Your instructions: Of the entries that follow, how many lines hold the word "high"? Reply with the number only.

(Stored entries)
▬▬▬▬▬▬

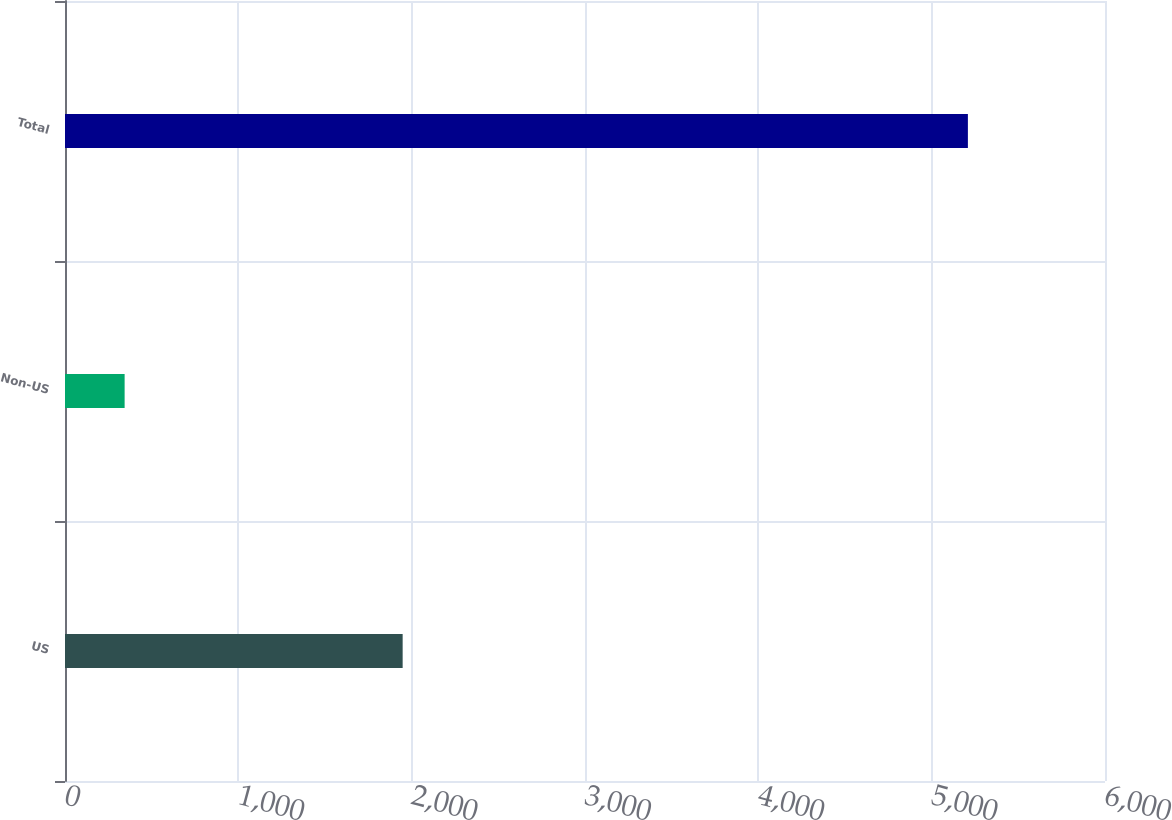Convert chart. <chart><loc_0><loc_0><loc_500><loc_500><bar_chart><fcel>US<fcel>Non-US<fcel>Total<nl><fcel>1948<fcel>344<fcel>5209<nl></chart> 
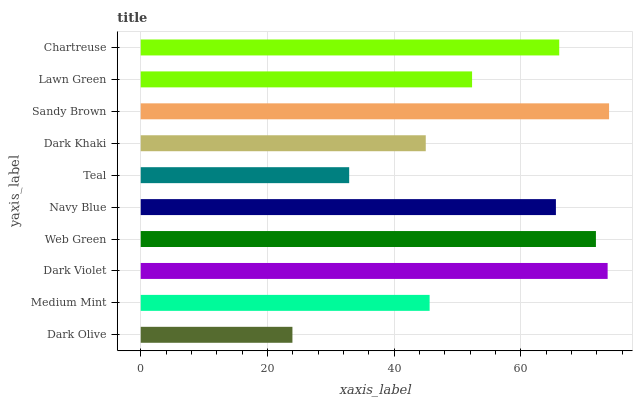Is Dark Olive the minimum?
Answer yes or no. Yes. Is Sandy Brown the maximum?
Answer yes or no. Yes. Is Medium Mint the minimum?
Answer yes or no. No. Is Medium Mint the maximum?
Answer yes or no. No. Is Medium Mint greater than Dark Olive?
Answer yes or no. Yes. Is Dark Olive less than Medium Mint?
Answer yes or no. Yes. Is Dark Olive greater than Medium Mint?
Answer yes or no. No. Is Medium Mint less than Dark Olive?
Answer yes or no. No. Is Navy Blue the high median?
Answer yes or no. Yes. Is Lawn Green the low median?
Answer yes or no. Yes. Is Dark Khaki the high median?
Answer yes or no. No. Is Dark Violet the low median?
Answer yes or no. No. 
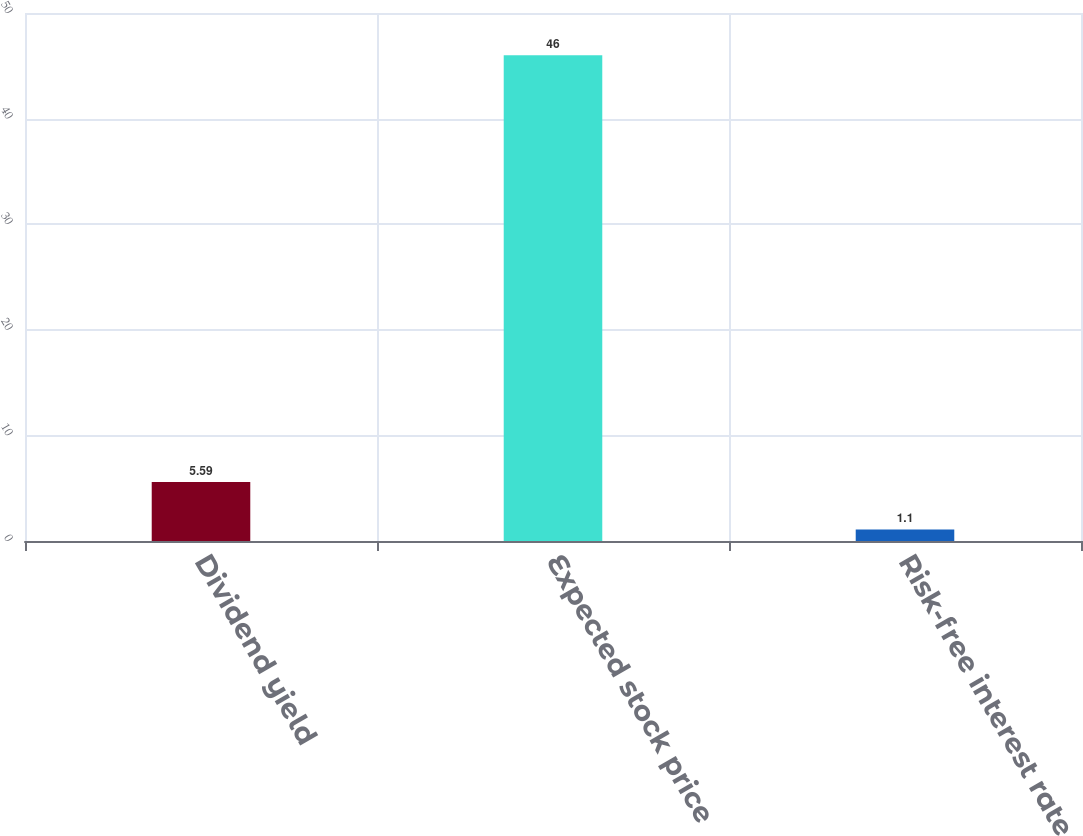Convert chart to OTSL. <chart><loc_0><loc_0><loc_500><loc_500><bar_chart><fcel>Dividend yield<fcel>Expected stock price<fcel>Risk-free interest rate<nl><fcel>5.59<fcel>46<fcel>1.1<nl></chart> 
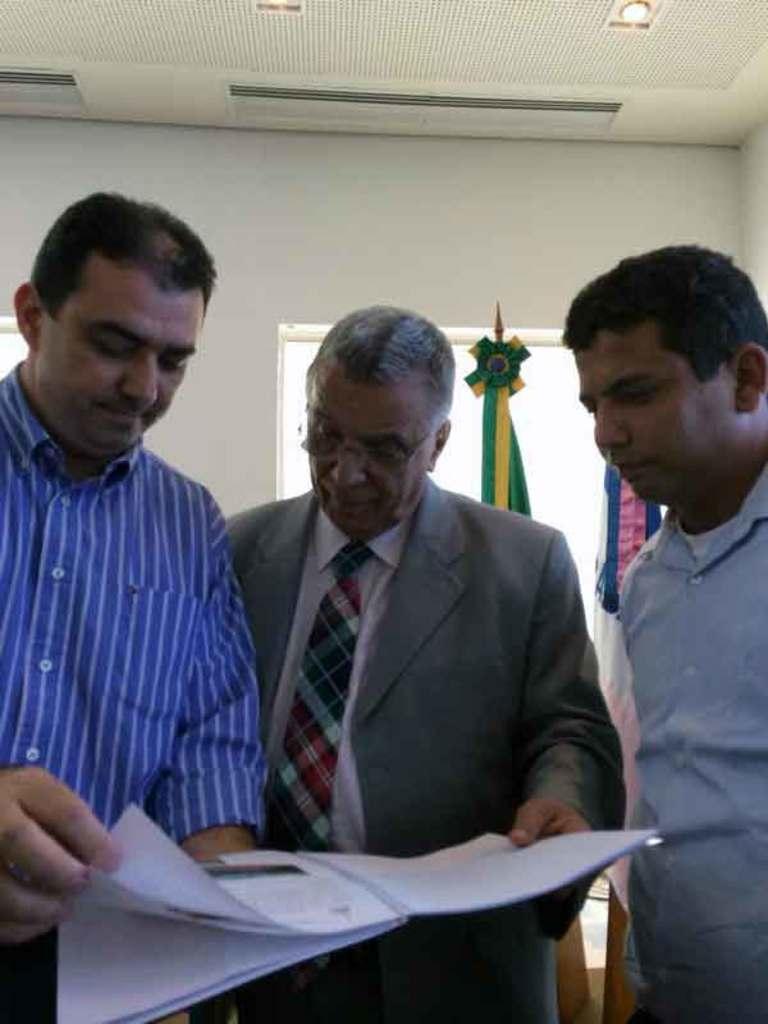Can you describe this image briefly? In the image there are three men standing and looking at a book and behind them there is window on the wall with ribbon on it and over the ceiling there are lights. 
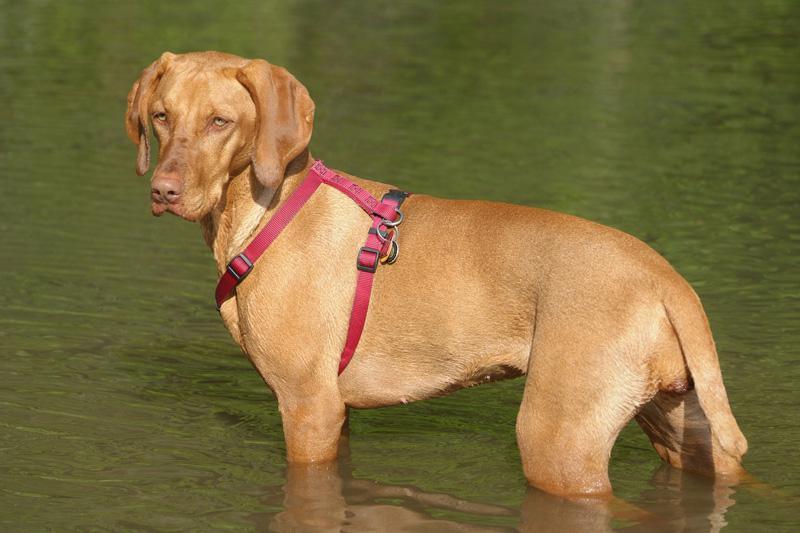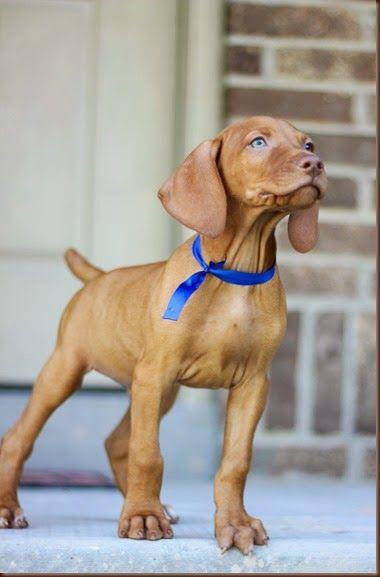The first image is the image on the left, the second image is the image on the right. Assess this claim about the two images: "A brown dog stand straight looking to the left while on the grass.". Correct or not? Answer yes or no. No. The first image is the image on the left, the second image is the image on the right. Given the left and right images, does the statement "At least one image shows one red-orange dog standing with head and body in profile turned leftward, and tail extended." hold true? Answer yes or no. No.

▬▬▬▬▬▬

Answer to this problem: 2